I do that all the time...

Cheers,
Simon

William Stein

unread,
Jul 13, 2011, 11:55:41 PM7/13/11
to sage-...@googlegroups.com
On Wed, Jul 13, 2011 at 6:29 PM, Simon King <simon...@uni-jena.de> wrote:
> QUESTION:
> According to their web site, "The MeatAxe should run on most UNIX
> platforms including Linux, NetBSD, Ultrix, Solaris, HP-UX, and on
> Windows NT." So, a MeatAxe wrapper might actually be (eventually) a
> candidate for a standard package, isn't it?
> OTOH, the current MeatAxe licence is GPL 2.
> Does that disqualify MeatAxe?

Yes, it disqualifies it.

> Would GPL 2+ be required?

Yes, that would be required.

I think people will have some issues with including an spkg that
replicates functionality available probably in code already in Sage,
with sufficient work. Every single spkg that is added to sage
increases the maintenance work of Sage a lot. Removing spkg's later
is very hard.

-- William

Simon King

unread,
Jul 14, 2011, 3:21:04 AM7/14/11
to sage-devel
Hi William,

On 14 Jul., 05:55, William Stein <wst...@gmail.com> wrote:
> I think people will have some issues with including an spkg that
> replicates functionality available probably in code already in Sage,
> with sufficient work.

From my perspective, your last line is decisive: I would probably not
easily be able to make Sage full use of LinBox - my C++ knowledge is
rather limited, and I know nothing about LinBox. So, in order to use
that for my project, I would have to wait for other people doing the
work.

Moreover, my benchmarks seem to indicate that *for the purpose of my
project* MeatAxe performs relatively well (unfortunately not compared
with Magma, as it seems).

> Every single spkg that is added to sage
> increases the maintenance work of Sage a lot.  Removing spkg's later
> is very hard.

OK. Then I'll probably proceed as I did with my old cohomology spkg:
I'll use MeatAxe, but not as a separate spkg.

Cheers,
Simon

Simon King

unread,
Jul 14, 2011, 3:28:00 AM7/14/11
to sage-devel
PS:

On 14 Jul., 05:55, William Stein <wst...@gmail.com> wrote:
> Every single spkg that is added to sage
> increases the maintenance work of Sage a lot.  Removing spkg's later
> is very hard.

Note that there already is an experimental MeatAxe spkg.

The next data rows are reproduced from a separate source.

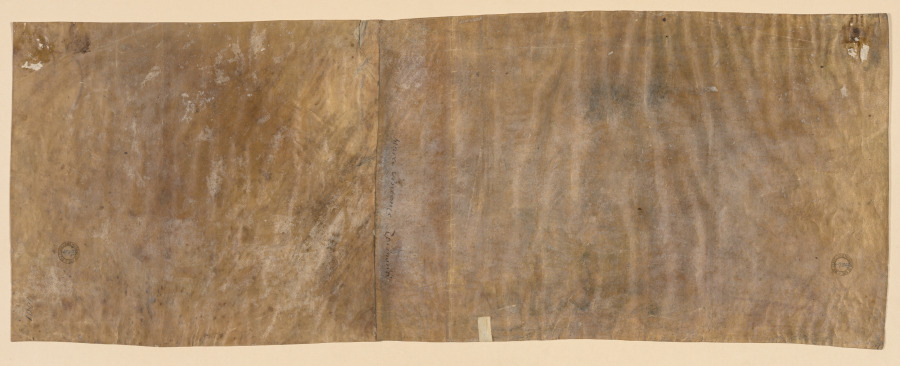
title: Bacchanalian Scene
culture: Italy, late 16th-early 17th Century
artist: Francesco Bertelli (Italian)
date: late 1500s-early 1600s
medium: engraving
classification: Print
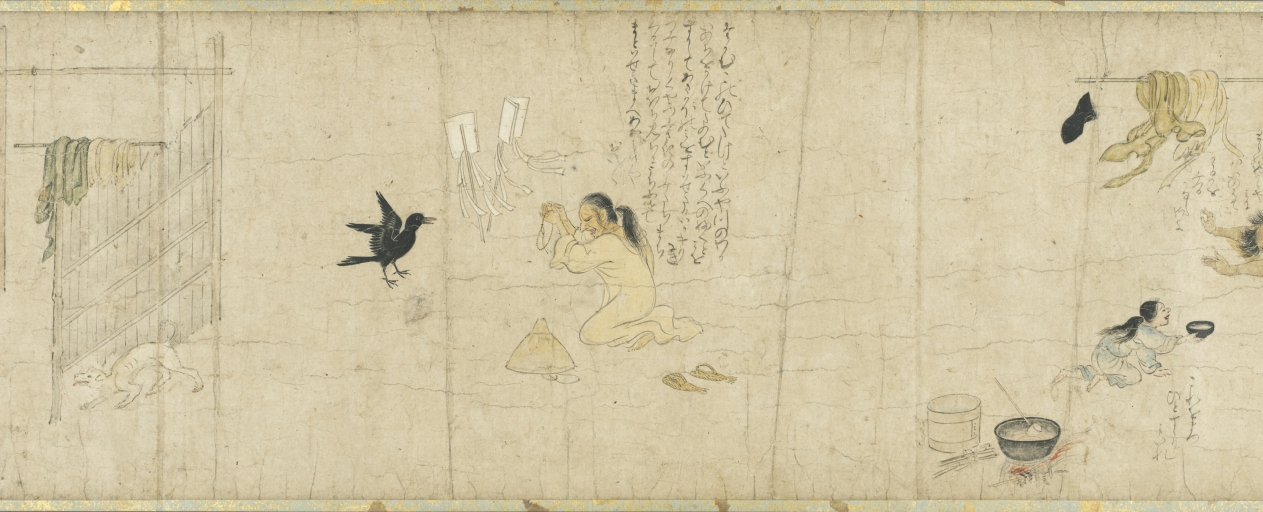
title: The Story of Fukutomi
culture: Japan, Muromachi period (1392–1573)
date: mid-1400s
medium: Handscroll; ink and color on paper
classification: Painting
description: This handscroll shows the second half of an odd tale in which a ne’er-do-well seeks the path to quick fortune and learns the art of musical flatulence. Prior to a major performance, a mentor (and competitor) advises him to consume morning glory seeds, a laxative. Thus, while performing he fouls himself and ends his days in humiliation. The audacious nature of this story and its presentation—well-animated figures with dialogue adjacent to the appropriate moments of action—create a primitive graphic novel. Japanese visual humor about farting preceded this story, but the satirical, mean-spirited twist in this tale suggests its intent was not merely to be humorous. The story was likely commissioned by court officials who disapproved of common performers rising to high positions, outflanking what was the accepted social order.
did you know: This scroll is treasured as the second oldest surviving version of this story.

It provides
the MeatAxe executables, but does not provide the MeatAxe C-library
(which I would need) or a wrapper.

Volker Braun

unread,
Jul 14, 2011, 4:59:58 AM7/14/11
to sage-...@googlegroups.com
The LinBox matrix-vector multiplication is 

vectorMul (Vector1 &w, const Matrix &A, const Vector2 &v)  // w <- Av
vectorAxpyin (Vector1 &y, const Matrix &A, const Vector2 &x) // y <- y+Ax

I don't see a rowvector-matrix mul routine, but then that must be avoided in C storage order (row-major). 

Martin Albrecht

unread,
Jul 14, 2011, 7:26:43 AM7/14/11
to sage-...@googlegroups.com
> 2. Matrix times column:
> Over prime fields, the native Sage implementation is clearly
> fastest, MeatAxe is slower, LinBox is VERY slow.
> Over non-prime fields, MeatAxe is fastest, the naive implementation
> of the "trick" is 5 times slower.
>
> 3. Row times matrix:
> MeatAxe is clearly fastest both over prime and over non-prime
> fields -- unless someone has already wrapped a specialised
> multiplication command of LinBox??

Note that these operations are quadratic just as the conversion Sage =>
LinBox. Hence, I'm not that surprised that our LinBoX wrapper performs poorly
on those.

Simon King

unread,
Jul 14, 2011, 7:53:16 AM7/14/11
to sage-devel
Hi Martin,

On 14 Jul., 13:26, Martin Albrecht <martinralbre...@googlemail.com>
wrote:
> Note that these operations are quadratic just as the conversion Sage =>
> LinBox.

I am a bit surprised. My impression from reading
sage.matrix.matrix_modn_dense was that Sage stores the matrix data in
LinBox format anyway. So, did I get the wrong impression?

Cheers,
Simon

Martin Albrecht

unread,
Jul 14, 2011, 8:10:20 AM7/14/11
to sage-...@googlegroups.com

Hi,

linbox.matrix_matrix_multiply

calls

linbox_modn_dense_matrix_matrix_multiply

from the LinBox SPKG (src/interfaces/sage/linbox.C)

which calls

static DenseMatrix<ModInt> linbox_new_modn_matrix(mod_int modulus, mod_int**
matrix, size_t nrows, si\
ze_t ncols) {

ModInt F((double)modulus);

DenseMatrix<ModInt> A ( F, nrows, ncols);

size_t i, j, k;
for (i=0; i < nrows; i++) {
for (j=0; j < ncols; j++) {
A.setEntry(i, j, (double)matrix[i][j]);
}
}
return A;
};

which copies the matrix to a new matrix A.

Simon King

unread,
Jul 14, 2011, 10:37:33 AM7/14/11
to sage-devel
Hi Martin,

On 14 Jul., 14:10, Martin Albrecht <martinralbre...@googlemail.com>
wrote:
> Hi,
>
>    linbox.matrix_matrix_multiply
>
> calls
>
>     linbox_modn_dense_matrix_matrix_multiply
>
> from the LinBox SPKG (src/interfaces/sage/linbox.C)
>
> ...
>
> which copies the matrix to a new matrix A.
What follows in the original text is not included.